### Records from a collection

-- Opening Marker --

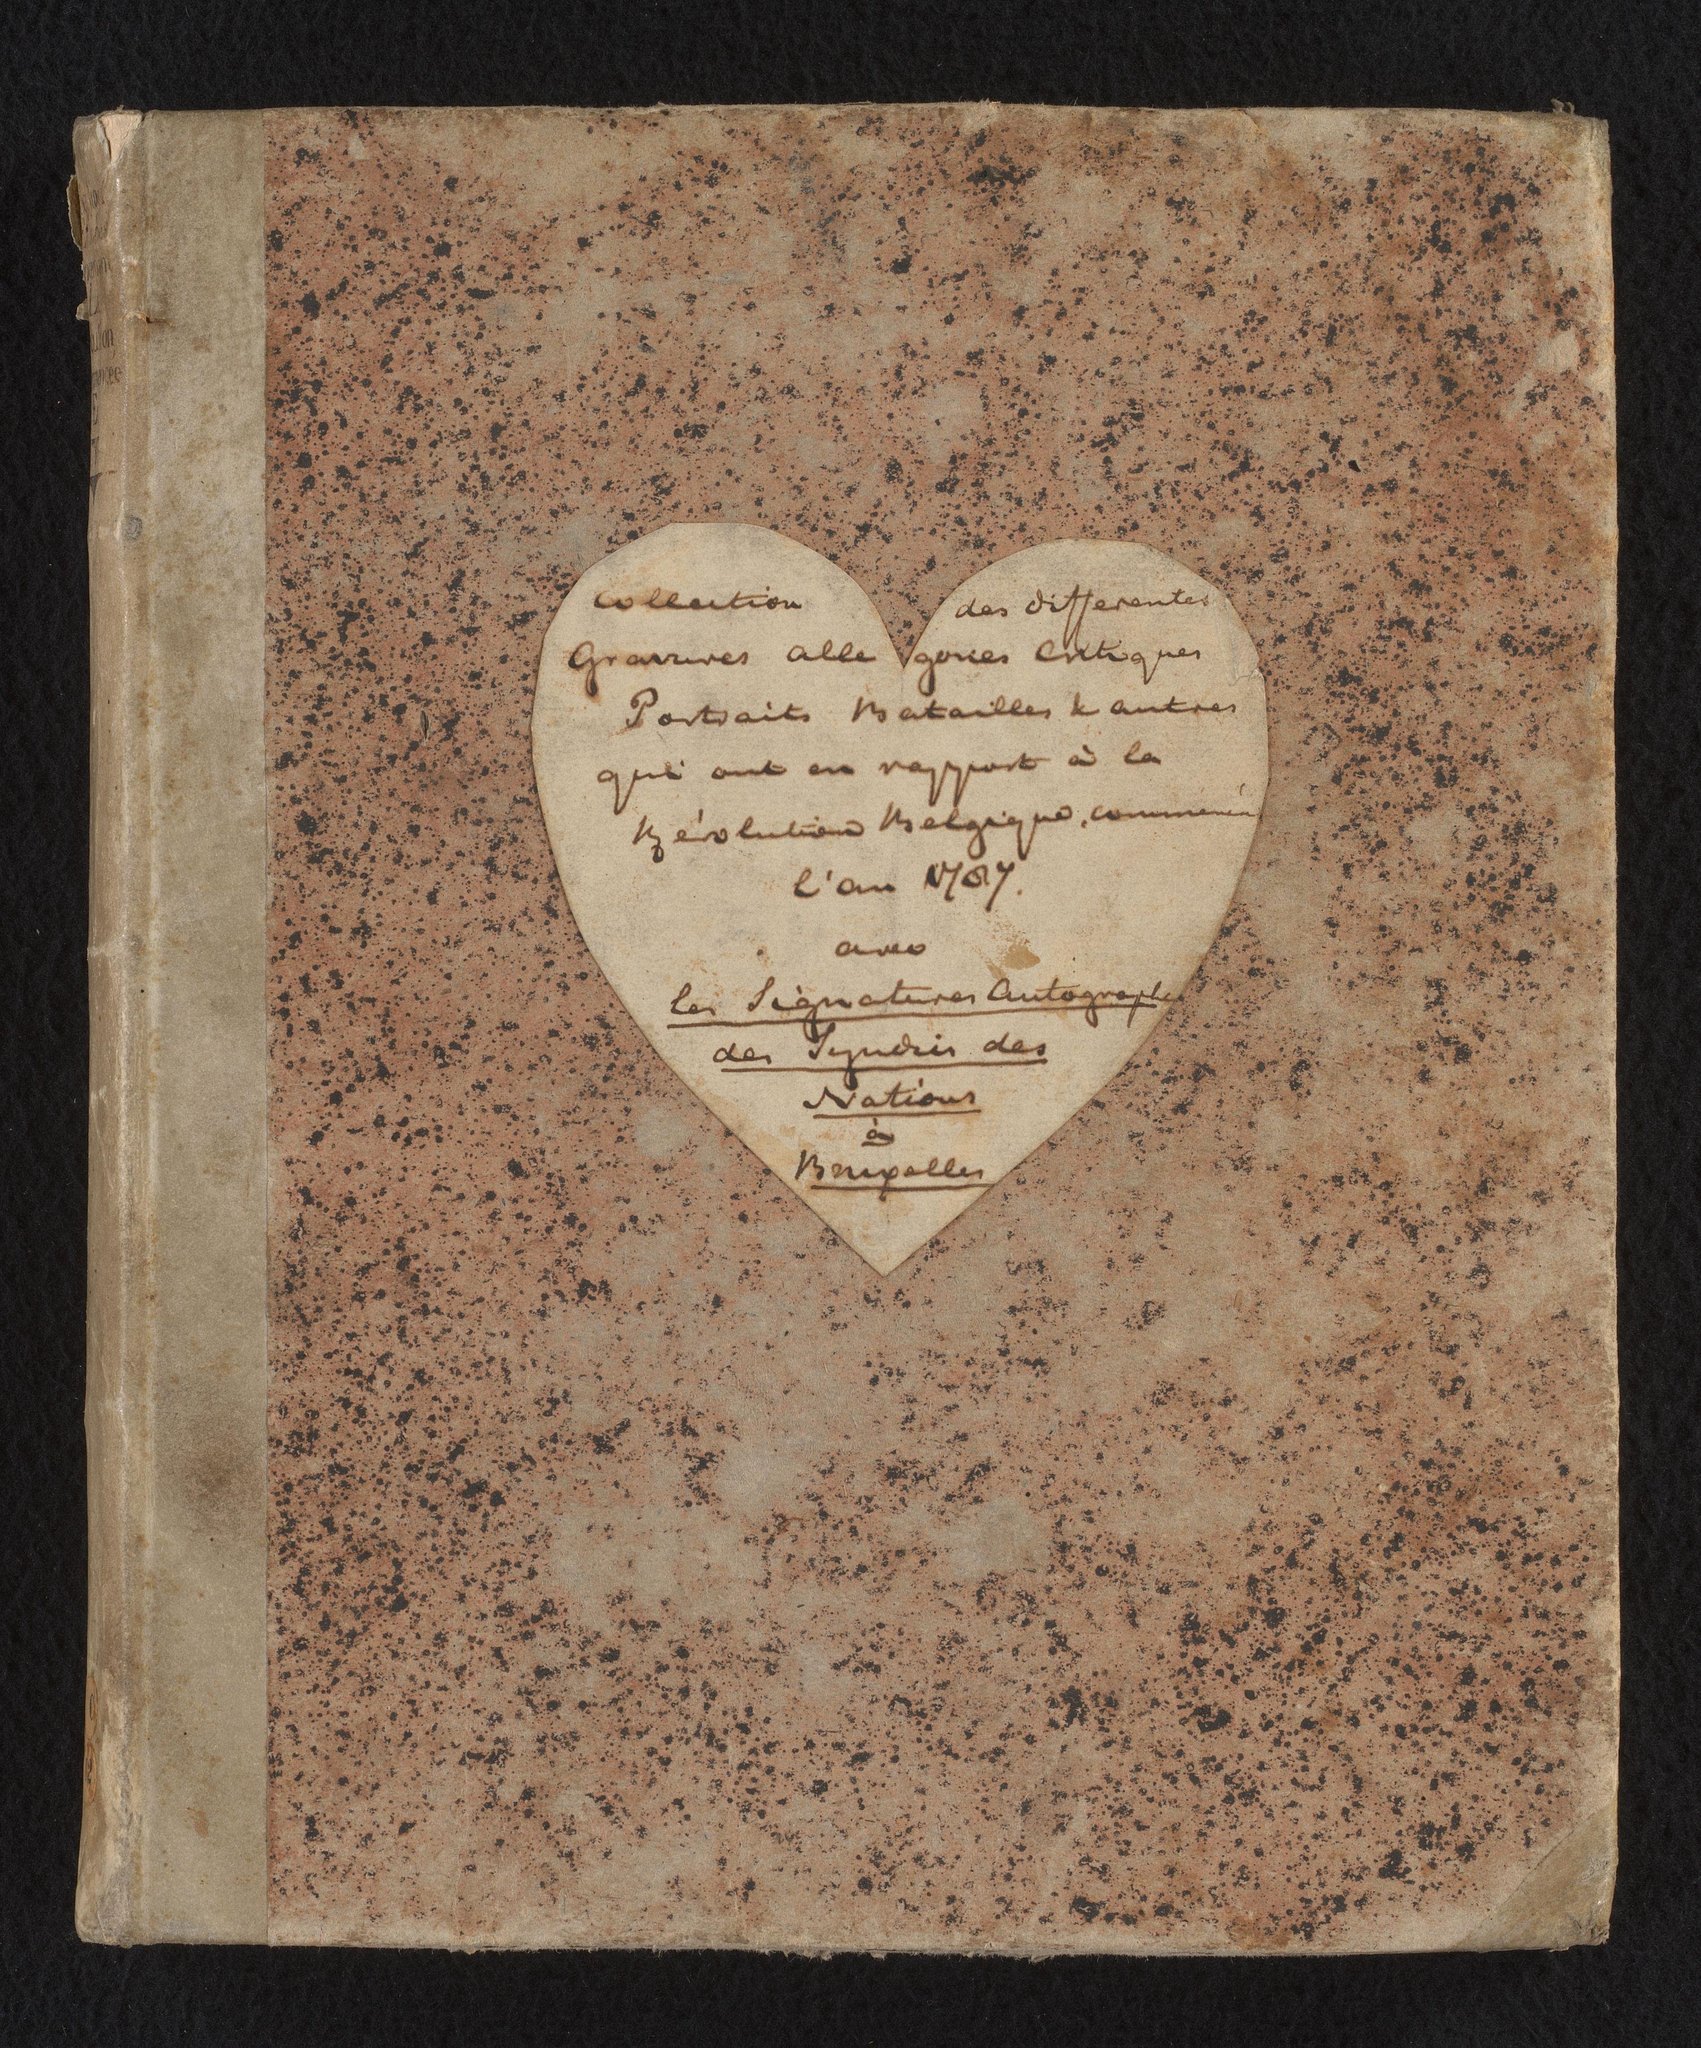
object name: binding
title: Collection des differentes Gravures allegories critiques Portraits Batailles et autres qui ont en rapport à la Révolution Belgique, commencée l'an 1787. avec les signatures Autographes des Syndcis des Nations à Bruxelles
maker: jaquet
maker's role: publisher
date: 1787-1790
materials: cardboard, leather, paper
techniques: bookbinding, writing
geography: lille
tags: brabant
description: Voorzijde omslag en rug van de gebundelde verzameling prenten betrekking hebbend op de gebeurtenissen van de Brabantse Omwenteling en de periode 1787-1790.
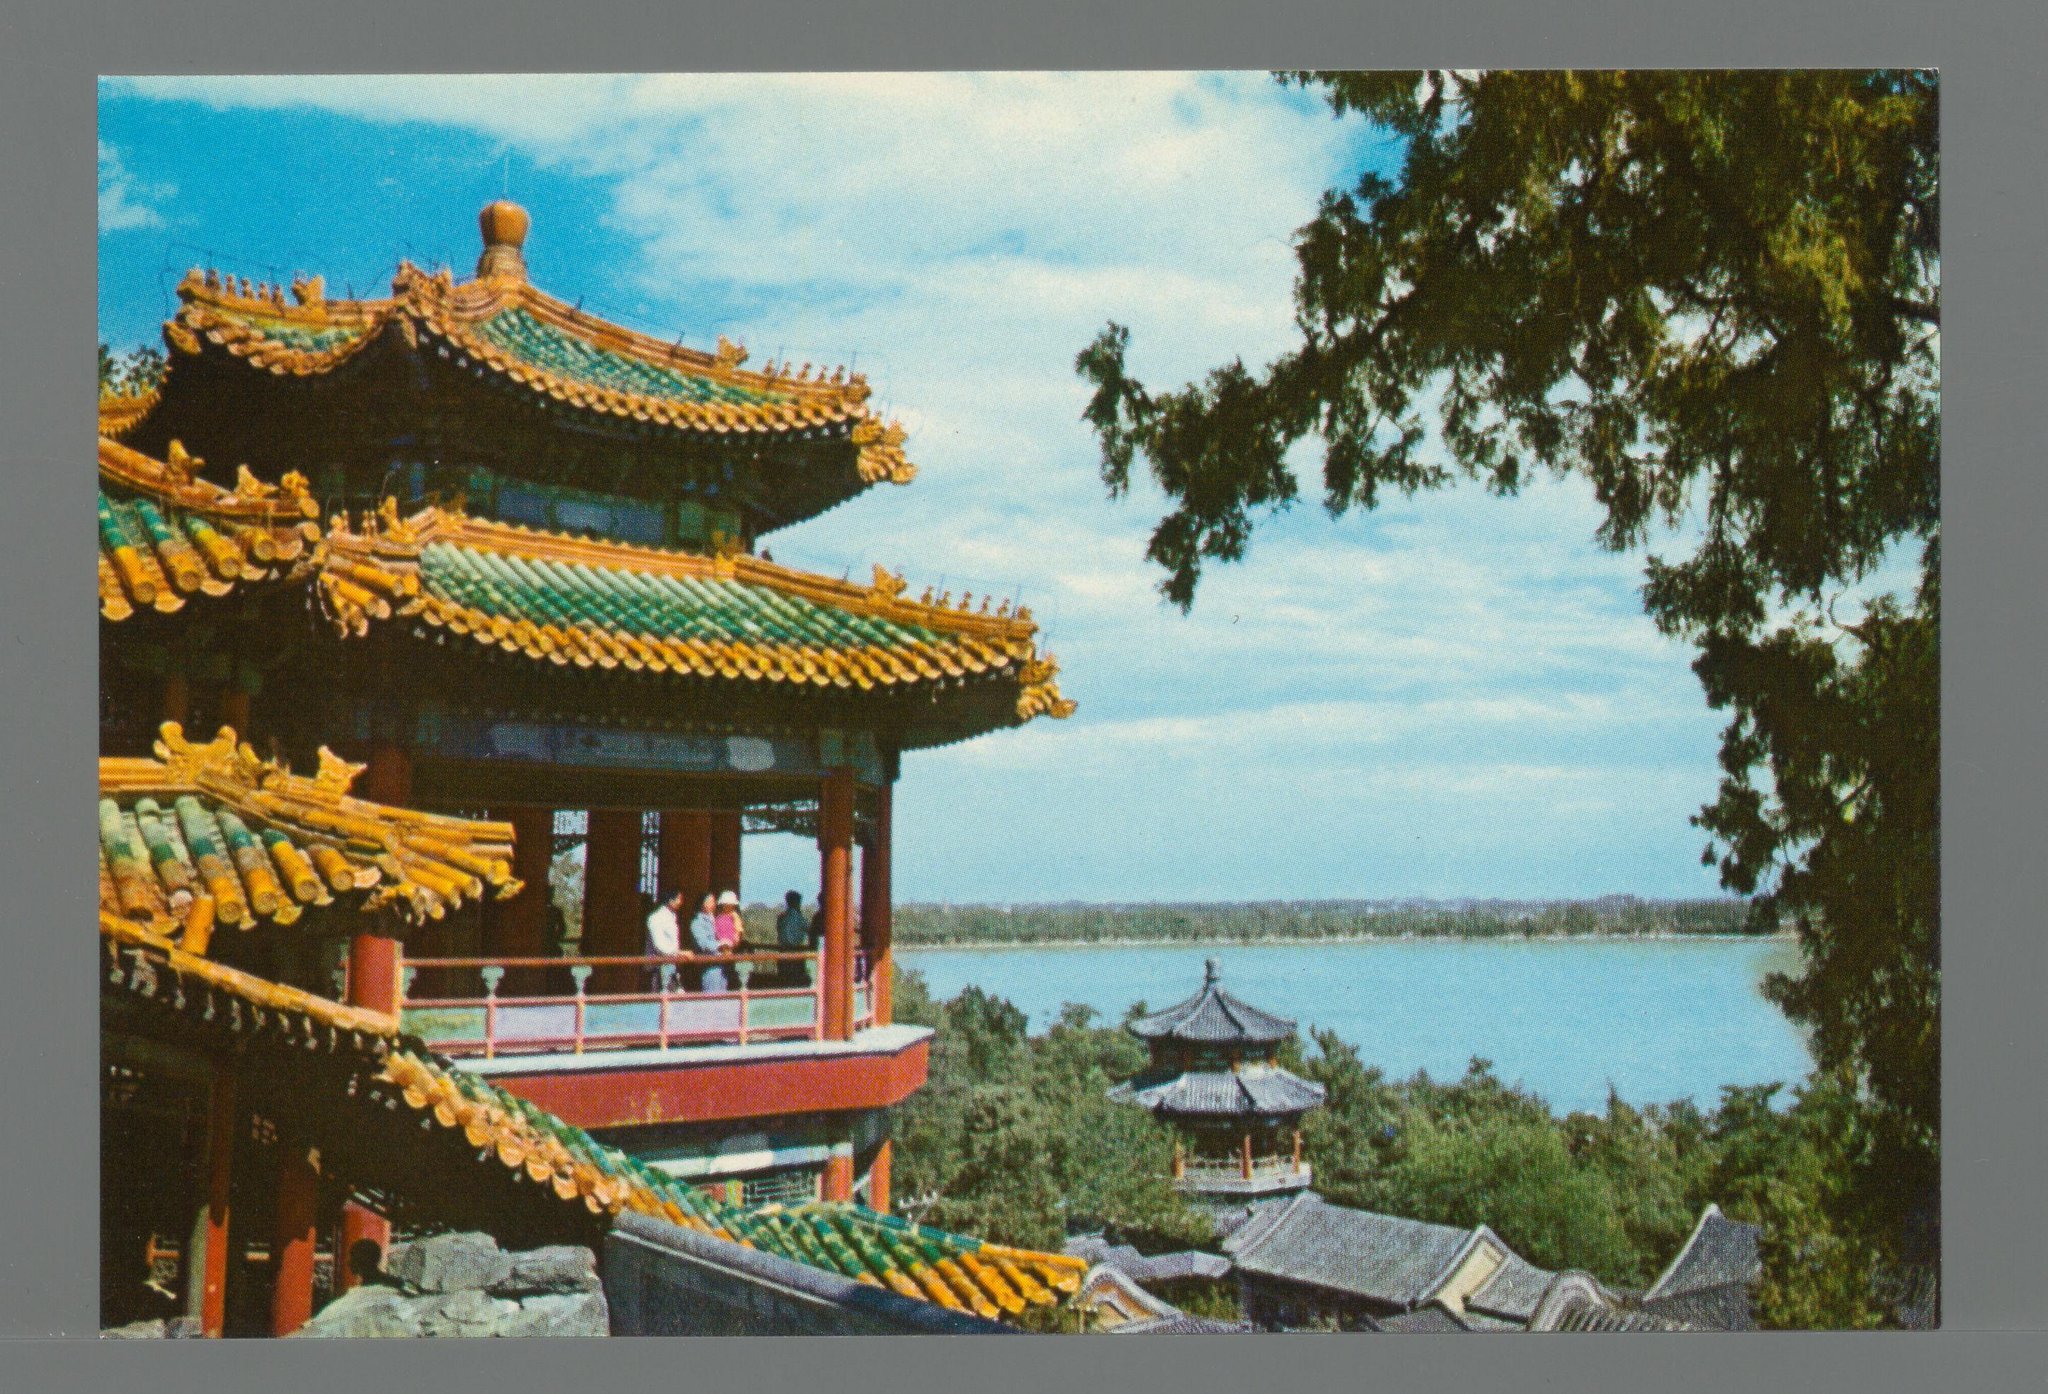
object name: ansichtkaart, prentbriefkaart
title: The Summer Palace, Peking / Vues du Palais d'Eté de Pékin / Vista del Palacio de Verano, Pekin
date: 1974
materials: cardboard
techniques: offset printed
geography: china
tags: palace, avenue, boulevard, promenade, esplanade
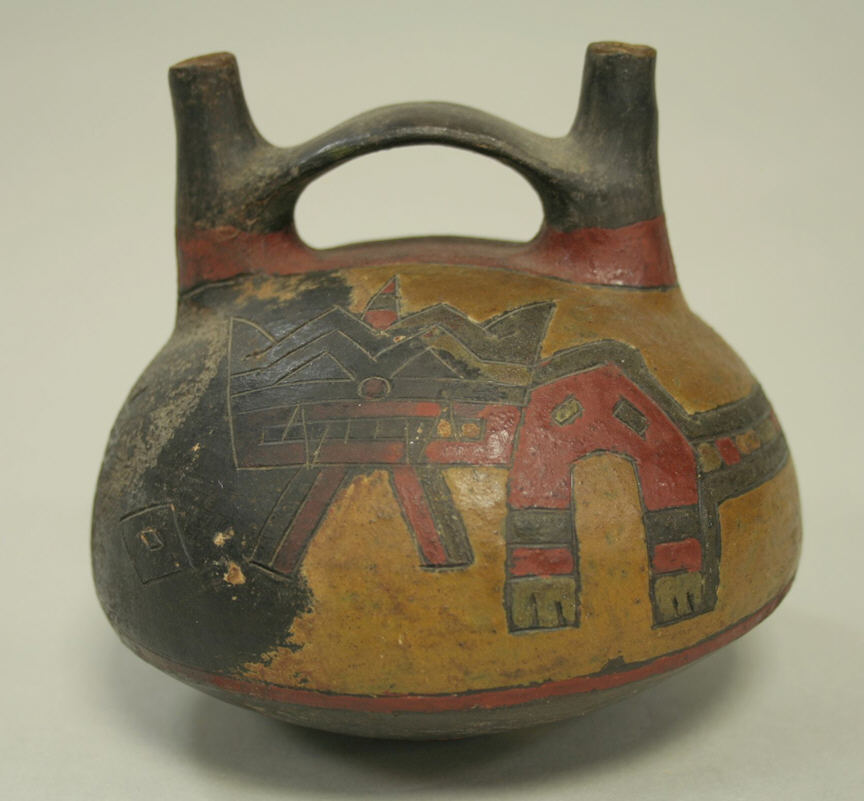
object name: bottle
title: Double Spout and Bridge Bottle with Incised Design
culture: paracas
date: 700-401 BCE
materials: ceramic, pigment
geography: peru
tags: animals
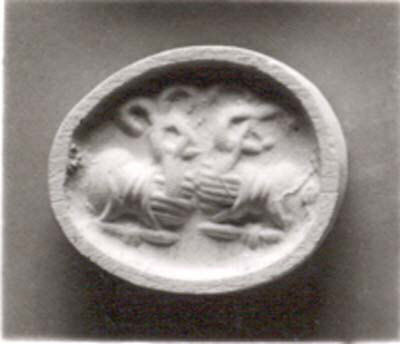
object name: stamp seal
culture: sasanian
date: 201-700
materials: mineral
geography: iran or mesopotamia
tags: rams
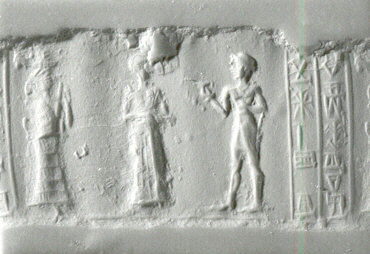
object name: cylinder seal
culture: babylonian
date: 1900-1601 BCE
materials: stone
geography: mesopotamia

-- Closing Marker --

### TASK INSTRUCTIONS
All lines from the start of the entries above through the line containing "tags: brabant" are to be given again exactly; the pictures are not.

### RESPONSE BELOW
object name: binding
title: Collection des differentes Gravures allegories critiques Portraits Batailles et autres qui ont en rapport à la Révolution Belgique, commencée l'an 1787. avec les signatures Autographes des Syndcis des Nations à Bruxelles
maker: jaquet
maker's role: publisher
date: 1787-1790
materials: cardboard, leather, paper
techniques: bookbinding, writing
geography: lille
tags: brabant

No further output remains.